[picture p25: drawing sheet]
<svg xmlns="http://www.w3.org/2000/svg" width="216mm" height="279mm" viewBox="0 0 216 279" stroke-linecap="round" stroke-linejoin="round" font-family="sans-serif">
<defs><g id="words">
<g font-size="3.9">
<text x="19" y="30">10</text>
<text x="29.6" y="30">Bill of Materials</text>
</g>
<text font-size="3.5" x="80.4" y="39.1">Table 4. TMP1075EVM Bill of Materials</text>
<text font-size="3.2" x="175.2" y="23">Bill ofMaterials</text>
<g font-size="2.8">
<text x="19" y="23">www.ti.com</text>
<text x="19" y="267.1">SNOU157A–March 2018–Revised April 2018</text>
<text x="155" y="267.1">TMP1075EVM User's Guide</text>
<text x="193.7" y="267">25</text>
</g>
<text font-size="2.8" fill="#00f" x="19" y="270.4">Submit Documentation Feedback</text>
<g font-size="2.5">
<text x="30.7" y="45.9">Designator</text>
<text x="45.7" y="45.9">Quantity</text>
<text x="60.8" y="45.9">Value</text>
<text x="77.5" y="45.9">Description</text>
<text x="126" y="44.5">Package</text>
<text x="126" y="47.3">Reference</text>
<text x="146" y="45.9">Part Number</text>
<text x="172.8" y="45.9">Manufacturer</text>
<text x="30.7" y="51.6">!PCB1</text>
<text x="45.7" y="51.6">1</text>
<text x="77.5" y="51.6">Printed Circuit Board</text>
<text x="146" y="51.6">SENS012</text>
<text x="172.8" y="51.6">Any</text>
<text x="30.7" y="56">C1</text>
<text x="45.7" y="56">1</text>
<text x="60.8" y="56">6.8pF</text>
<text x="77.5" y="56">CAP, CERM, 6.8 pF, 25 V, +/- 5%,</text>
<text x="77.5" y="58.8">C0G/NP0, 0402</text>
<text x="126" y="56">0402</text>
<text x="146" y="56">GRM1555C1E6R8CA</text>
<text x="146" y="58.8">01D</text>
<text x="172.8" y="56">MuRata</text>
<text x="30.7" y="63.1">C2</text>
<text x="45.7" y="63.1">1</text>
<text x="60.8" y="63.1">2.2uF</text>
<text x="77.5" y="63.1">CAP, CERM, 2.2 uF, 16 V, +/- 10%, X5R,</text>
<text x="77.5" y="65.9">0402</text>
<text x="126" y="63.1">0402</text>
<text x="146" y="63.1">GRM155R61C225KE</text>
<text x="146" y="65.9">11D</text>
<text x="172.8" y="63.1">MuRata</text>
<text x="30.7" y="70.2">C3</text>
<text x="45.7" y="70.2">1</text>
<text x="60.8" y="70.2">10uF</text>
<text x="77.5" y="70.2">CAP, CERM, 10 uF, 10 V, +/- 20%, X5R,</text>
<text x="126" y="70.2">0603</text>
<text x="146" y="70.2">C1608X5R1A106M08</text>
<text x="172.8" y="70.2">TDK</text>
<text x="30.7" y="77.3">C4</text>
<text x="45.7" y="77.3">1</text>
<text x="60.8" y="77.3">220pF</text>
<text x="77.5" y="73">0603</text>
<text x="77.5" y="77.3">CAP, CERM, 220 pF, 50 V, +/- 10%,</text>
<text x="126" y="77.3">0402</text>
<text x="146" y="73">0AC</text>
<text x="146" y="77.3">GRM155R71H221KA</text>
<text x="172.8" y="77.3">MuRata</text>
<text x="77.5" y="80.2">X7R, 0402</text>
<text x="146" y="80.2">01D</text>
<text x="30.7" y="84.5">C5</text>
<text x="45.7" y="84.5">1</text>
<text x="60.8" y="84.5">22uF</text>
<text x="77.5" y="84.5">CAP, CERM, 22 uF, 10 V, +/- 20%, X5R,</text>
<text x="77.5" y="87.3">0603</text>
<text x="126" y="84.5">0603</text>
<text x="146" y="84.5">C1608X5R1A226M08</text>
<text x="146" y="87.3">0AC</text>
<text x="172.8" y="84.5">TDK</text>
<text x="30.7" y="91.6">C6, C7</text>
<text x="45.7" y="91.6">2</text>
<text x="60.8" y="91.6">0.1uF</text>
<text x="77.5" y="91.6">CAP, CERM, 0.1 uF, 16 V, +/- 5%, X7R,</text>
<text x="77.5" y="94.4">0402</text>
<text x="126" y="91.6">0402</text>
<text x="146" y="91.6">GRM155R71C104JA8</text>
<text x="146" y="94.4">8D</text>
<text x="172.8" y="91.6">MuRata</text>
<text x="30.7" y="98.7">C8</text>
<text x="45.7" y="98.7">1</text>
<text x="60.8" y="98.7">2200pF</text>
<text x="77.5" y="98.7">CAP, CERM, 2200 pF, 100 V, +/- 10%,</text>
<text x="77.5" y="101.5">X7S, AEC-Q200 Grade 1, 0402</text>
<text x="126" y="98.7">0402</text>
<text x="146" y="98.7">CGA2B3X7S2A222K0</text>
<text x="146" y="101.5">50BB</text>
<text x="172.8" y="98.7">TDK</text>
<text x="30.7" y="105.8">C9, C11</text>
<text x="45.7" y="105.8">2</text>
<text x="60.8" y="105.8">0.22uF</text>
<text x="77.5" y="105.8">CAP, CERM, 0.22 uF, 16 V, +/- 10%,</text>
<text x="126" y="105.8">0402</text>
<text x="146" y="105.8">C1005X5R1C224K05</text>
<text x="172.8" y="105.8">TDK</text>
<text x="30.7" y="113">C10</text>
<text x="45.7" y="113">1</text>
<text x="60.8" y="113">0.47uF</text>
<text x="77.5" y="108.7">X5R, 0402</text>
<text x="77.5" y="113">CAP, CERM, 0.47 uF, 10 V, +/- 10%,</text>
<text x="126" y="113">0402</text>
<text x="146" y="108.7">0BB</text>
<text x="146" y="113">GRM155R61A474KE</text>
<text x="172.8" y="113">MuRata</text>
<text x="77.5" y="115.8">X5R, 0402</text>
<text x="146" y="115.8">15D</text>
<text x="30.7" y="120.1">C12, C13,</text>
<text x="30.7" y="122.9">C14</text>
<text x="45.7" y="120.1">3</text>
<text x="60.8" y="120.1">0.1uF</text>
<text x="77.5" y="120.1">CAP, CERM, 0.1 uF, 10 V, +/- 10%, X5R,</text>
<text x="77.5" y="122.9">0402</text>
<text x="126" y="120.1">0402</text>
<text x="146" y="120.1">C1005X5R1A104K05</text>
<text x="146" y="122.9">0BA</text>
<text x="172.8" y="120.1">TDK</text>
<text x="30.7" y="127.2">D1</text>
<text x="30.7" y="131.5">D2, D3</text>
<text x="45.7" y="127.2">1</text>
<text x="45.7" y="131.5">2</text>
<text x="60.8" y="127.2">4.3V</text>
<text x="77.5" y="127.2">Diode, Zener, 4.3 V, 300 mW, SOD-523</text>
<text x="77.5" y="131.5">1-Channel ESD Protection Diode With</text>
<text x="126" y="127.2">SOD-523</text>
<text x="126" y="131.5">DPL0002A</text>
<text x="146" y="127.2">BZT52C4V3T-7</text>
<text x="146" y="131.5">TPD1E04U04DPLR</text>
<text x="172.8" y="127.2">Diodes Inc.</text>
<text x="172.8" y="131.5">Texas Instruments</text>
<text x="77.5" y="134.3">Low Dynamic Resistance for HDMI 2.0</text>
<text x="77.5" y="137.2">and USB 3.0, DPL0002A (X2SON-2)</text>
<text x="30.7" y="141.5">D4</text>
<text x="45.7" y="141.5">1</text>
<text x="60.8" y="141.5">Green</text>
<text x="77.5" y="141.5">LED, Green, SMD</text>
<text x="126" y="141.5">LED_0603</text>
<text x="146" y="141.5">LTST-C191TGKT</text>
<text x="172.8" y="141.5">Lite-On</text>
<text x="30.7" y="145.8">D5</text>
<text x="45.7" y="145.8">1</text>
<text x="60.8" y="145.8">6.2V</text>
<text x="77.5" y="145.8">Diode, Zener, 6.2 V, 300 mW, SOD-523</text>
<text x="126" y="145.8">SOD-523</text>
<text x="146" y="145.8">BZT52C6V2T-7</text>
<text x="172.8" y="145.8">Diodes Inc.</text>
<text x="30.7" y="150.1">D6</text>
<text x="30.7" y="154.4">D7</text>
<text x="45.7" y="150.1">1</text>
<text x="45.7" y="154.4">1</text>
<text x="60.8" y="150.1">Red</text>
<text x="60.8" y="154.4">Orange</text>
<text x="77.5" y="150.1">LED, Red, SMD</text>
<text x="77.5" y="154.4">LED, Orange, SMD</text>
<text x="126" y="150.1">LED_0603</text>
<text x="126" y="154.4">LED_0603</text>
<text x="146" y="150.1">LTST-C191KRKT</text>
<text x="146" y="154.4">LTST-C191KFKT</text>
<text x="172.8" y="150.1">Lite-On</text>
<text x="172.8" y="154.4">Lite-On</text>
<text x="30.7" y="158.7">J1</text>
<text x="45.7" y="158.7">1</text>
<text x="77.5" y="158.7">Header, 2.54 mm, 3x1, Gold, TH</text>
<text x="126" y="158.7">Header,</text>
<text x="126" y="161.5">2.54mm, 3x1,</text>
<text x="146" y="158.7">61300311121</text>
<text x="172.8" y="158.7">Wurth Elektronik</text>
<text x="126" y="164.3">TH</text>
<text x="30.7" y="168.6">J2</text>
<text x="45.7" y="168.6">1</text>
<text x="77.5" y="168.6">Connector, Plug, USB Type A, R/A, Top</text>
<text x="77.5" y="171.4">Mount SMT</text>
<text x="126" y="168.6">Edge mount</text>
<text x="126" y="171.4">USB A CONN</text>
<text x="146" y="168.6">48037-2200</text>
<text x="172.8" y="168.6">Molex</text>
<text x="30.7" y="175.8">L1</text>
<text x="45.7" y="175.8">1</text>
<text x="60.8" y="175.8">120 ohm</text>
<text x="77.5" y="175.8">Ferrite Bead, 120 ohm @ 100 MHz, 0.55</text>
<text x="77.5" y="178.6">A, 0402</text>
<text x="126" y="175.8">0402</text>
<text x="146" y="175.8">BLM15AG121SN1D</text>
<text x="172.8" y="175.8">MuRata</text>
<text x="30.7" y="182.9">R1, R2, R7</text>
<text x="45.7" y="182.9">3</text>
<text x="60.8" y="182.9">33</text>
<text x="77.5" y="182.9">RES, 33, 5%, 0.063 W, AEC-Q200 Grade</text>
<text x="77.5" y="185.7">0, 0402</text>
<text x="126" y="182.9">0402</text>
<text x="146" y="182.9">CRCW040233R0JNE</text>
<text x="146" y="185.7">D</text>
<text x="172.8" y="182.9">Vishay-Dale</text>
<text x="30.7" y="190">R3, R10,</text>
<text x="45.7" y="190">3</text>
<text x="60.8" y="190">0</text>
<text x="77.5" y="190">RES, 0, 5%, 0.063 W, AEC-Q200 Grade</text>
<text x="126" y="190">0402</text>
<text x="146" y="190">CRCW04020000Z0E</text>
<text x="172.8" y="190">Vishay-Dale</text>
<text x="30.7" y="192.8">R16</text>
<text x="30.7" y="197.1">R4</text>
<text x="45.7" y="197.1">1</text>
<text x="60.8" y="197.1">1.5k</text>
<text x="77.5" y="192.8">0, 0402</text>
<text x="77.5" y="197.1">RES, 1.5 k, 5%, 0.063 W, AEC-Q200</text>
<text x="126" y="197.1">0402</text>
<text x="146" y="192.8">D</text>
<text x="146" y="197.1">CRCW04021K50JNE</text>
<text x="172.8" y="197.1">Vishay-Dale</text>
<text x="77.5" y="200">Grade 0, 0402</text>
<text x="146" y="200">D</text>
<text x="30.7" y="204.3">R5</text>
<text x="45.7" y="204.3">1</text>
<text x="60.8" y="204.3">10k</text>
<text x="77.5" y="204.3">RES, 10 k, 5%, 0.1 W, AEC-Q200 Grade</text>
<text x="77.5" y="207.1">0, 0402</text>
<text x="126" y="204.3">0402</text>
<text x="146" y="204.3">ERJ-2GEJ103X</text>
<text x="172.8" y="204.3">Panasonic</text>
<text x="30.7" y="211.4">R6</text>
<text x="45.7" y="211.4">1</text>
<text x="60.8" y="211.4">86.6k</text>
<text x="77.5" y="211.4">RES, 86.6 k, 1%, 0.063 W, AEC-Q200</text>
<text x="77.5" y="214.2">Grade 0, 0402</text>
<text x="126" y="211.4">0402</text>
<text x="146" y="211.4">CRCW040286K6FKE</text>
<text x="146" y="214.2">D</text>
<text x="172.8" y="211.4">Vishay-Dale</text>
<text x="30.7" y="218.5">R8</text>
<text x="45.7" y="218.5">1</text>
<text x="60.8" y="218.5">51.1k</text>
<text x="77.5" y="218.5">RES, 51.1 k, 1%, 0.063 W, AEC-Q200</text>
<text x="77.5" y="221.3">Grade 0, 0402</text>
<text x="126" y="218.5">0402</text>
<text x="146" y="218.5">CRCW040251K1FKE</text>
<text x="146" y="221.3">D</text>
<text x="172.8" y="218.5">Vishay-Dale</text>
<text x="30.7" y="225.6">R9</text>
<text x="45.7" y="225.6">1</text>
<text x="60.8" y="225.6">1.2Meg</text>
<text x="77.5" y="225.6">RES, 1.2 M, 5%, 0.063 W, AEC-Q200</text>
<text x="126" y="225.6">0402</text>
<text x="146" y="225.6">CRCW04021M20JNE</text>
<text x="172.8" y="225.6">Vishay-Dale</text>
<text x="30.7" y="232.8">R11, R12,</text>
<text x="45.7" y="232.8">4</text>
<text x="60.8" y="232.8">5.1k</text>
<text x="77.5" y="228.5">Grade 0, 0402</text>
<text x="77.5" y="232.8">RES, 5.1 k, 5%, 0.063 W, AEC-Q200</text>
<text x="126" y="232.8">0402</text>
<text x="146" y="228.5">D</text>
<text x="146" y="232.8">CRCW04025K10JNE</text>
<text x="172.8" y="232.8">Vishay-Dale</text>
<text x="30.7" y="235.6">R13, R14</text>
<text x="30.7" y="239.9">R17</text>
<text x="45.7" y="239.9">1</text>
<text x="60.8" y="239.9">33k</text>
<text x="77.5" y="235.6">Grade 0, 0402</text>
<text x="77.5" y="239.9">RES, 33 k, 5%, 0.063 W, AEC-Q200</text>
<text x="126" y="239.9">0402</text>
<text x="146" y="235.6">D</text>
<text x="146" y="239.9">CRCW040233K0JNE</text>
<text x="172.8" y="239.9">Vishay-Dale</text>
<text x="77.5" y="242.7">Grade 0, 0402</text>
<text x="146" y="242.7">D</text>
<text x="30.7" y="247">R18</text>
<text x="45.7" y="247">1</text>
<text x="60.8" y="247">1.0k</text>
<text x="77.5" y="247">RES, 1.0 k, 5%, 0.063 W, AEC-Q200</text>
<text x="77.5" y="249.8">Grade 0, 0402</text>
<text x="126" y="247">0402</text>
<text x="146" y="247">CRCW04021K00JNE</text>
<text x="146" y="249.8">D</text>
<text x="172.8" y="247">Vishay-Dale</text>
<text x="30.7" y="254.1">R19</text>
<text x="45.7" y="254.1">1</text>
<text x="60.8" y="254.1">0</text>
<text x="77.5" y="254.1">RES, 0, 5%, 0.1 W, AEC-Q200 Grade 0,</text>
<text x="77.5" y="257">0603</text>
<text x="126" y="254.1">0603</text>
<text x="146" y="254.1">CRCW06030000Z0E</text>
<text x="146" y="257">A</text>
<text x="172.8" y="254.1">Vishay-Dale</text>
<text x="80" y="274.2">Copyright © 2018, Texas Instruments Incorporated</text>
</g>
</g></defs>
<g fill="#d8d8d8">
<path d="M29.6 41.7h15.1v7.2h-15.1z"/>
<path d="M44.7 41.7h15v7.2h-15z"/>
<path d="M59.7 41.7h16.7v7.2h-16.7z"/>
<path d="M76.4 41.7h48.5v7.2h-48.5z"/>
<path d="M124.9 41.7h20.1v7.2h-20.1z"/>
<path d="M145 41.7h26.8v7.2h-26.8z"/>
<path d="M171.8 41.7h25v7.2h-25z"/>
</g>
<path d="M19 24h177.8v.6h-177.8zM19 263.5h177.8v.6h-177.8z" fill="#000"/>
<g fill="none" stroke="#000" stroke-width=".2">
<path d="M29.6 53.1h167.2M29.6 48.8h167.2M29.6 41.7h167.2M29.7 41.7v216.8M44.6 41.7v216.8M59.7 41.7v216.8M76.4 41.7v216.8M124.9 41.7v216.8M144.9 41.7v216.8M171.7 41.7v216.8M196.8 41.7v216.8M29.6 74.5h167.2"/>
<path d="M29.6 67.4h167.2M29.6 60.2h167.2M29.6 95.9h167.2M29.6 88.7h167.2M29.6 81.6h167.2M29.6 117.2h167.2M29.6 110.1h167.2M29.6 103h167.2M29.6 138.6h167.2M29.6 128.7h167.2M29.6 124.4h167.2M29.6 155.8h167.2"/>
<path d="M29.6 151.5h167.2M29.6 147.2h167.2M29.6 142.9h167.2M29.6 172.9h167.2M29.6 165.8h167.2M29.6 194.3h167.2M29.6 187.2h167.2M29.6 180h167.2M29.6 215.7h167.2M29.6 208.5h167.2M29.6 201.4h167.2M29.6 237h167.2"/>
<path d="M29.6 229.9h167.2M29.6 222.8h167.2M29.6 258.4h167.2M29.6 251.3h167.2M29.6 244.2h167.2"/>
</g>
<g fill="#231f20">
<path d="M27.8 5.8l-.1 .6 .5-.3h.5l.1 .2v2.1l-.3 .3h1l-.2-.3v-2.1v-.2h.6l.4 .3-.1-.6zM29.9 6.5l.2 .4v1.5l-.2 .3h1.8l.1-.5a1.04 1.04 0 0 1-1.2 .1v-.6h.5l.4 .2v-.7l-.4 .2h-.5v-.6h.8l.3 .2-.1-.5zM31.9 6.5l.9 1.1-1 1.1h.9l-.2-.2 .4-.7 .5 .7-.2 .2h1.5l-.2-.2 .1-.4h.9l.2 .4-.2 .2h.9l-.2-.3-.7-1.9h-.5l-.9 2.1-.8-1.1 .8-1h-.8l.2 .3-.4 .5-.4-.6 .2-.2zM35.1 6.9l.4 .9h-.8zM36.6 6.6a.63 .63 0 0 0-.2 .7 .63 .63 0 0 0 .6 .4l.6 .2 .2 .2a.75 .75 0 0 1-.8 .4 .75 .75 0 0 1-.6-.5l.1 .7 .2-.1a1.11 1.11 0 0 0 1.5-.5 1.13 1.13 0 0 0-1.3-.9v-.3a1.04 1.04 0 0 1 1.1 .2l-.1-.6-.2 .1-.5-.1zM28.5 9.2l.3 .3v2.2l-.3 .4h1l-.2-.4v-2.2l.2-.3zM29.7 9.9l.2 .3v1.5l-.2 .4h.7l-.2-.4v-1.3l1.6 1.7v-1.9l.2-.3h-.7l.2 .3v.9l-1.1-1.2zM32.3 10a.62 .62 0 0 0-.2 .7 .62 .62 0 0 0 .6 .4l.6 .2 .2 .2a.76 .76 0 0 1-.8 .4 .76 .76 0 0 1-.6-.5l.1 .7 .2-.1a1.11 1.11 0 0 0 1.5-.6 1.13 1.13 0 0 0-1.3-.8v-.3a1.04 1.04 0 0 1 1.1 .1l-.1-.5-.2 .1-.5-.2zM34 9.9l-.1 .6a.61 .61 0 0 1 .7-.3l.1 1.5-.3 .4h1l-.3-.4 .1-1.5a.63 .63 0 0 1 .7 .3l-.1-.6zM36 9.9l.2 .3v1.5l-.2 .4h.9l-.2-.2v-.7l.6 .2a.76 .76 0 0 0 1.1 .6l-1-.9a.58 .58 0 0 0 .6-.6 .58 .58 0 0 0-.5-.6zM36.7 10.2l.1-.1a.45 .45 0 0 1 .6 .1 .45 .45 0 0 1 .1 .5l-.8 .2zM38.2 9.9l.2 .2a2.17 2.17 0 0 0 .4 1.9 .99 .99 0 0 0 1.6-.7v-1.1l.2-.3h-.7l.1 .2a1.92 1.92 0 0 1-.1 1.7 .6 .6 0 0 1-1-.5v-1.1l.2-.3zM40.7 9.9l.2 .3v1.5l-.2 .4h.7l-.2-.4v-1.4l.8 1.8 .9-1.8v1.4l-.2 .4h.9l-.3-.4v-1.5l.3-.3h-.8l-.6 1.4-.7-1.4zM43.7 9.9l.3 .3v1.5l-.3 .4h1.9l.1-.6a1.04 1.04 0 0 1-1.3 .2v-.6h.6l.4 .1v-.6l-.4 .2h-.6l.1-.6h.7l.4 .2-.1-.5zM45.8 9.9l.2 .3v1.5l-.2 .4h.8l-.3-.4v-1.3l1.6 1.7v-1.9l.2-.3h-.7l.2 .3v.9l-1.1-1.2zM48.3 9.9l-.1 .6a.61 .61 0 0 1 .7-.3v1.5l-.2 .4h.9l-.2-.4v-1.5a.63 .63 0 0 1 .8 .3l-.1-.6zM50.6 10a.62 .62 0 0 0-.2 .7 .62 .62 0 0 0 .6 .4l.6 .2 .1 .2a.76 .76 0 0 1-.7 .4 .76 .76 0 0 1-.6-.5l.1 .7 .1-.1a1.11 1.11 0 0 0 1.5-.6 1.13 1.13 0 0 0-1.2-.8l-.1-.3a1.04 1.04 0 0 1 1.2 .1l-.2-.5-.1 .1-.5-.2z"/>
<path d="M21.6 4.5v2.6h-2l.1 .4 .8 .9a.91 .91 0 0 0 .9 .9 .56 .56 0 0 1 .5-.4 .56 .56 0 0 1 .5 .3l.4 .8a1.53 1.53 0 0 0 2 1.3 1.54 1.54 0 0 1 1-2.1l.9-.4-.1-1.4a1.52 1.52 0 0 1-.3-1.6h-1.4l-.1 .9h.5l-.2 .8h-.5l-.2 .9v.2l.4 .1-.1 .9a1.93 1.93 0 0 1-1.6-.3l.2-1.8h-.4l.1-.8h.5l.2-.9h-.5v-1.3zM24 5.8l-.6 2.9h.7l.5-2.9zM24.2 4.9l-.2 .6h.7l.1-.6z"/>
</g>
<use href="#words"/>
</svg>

===============

Task objective - Copy whichever lines of the records above contain the word "Zener".

Task solution -
<text x="77.5" y="127.2">Diode, Zener, 4.3 V, 300 mW, SOD-523</text>
<text x="77.5" y="145.8">Diode, Zener, 6.2 V, 300 mW, SOD-523</text>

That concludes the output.